* **Problem to work on**: An exact copy of the entries, with every picture omitted, is what is needed here.

Records from a collection:
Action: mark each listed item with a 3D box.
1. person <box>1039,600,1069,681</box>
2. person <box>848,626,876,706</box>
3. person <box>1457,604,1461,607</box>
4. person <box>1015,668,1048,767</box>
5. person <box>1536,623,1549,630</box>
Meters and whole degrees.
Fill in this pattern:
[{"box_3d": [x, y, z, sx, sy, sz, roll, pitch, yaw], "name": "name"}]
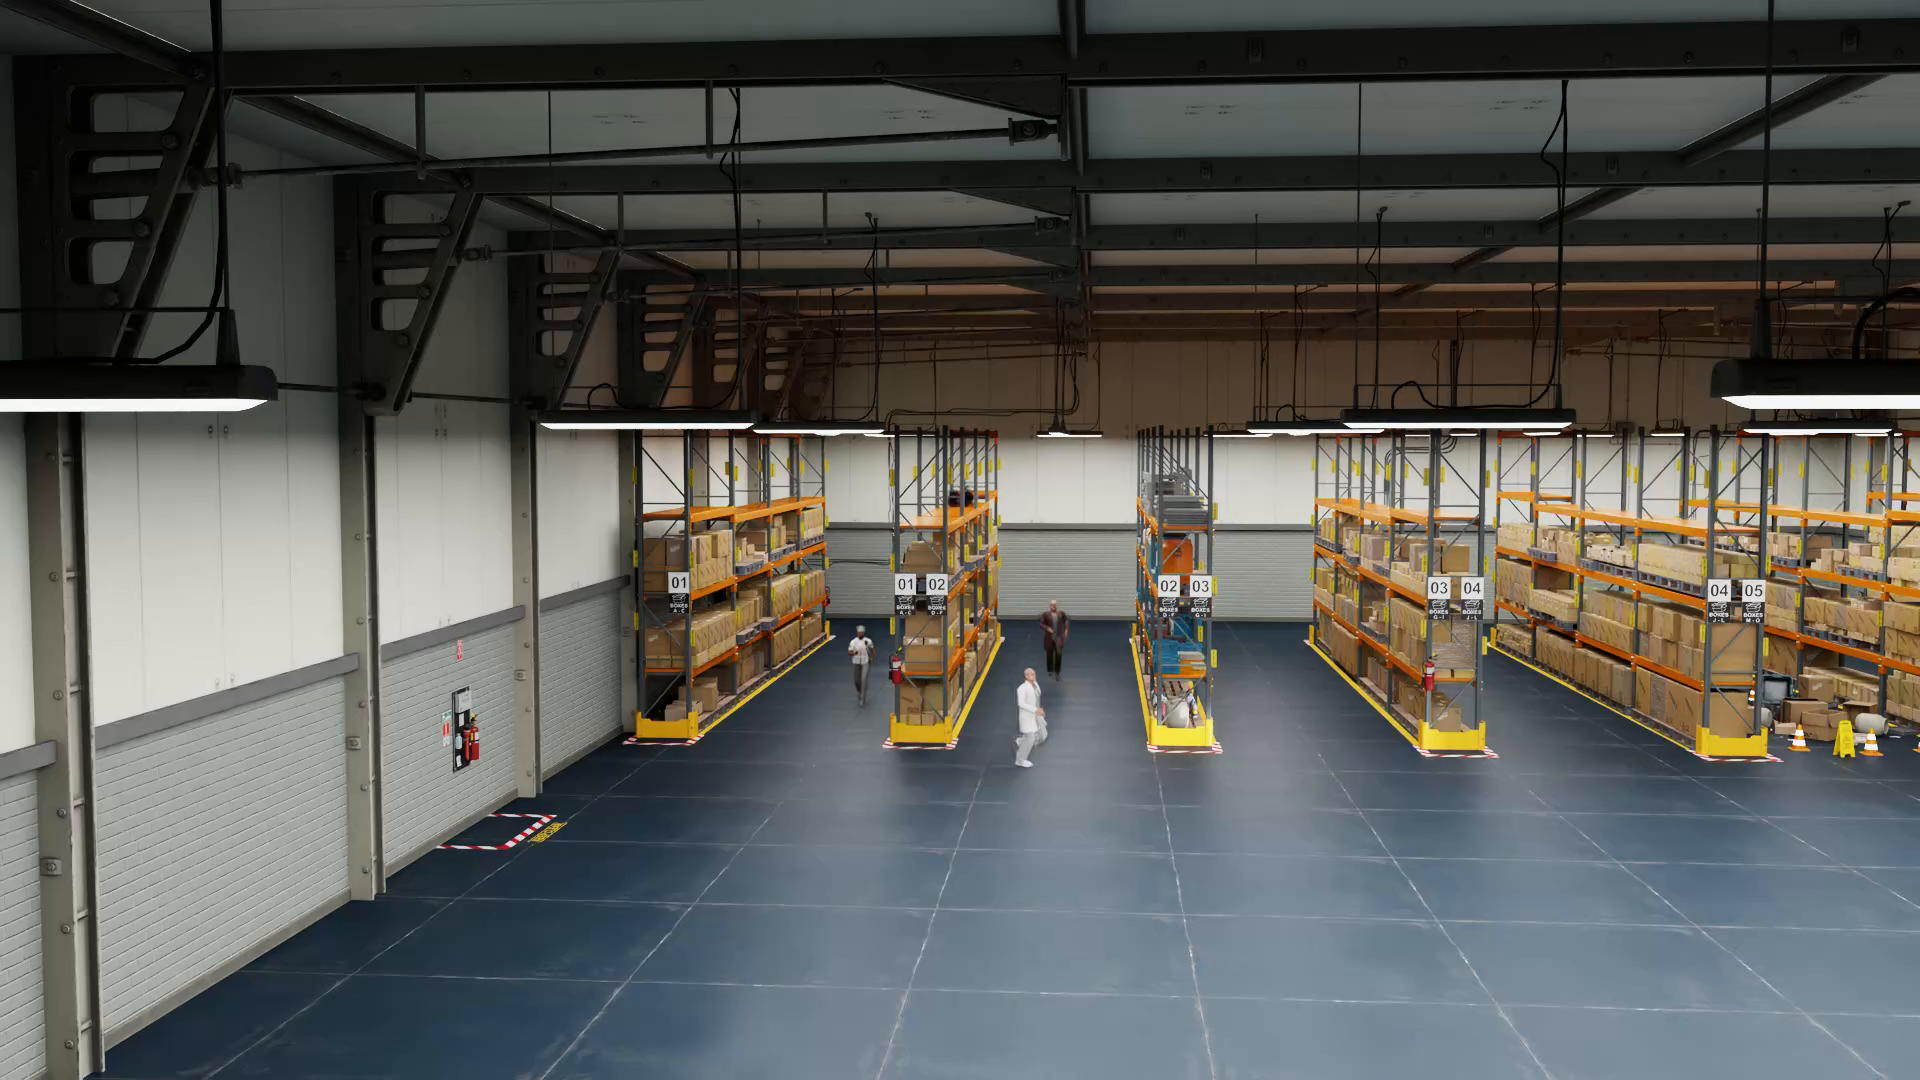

* **Result**:
Action: mark each listed item with a 3D box.
1. person <box>1039,600,1069,681</box>
2. person <box>848,626,876,706</box>
3. person <box>1457,604,1461,607</box>
4. person <box>1015,668,1048,767</box>
5. person <box>1536,623,1549,630</box>
Meters and whole degrees.
Fill in this pattern:
[{"box_3d": [x, y, z, sx, sy, sz, roll, pitch, yaw], "name": "name"}]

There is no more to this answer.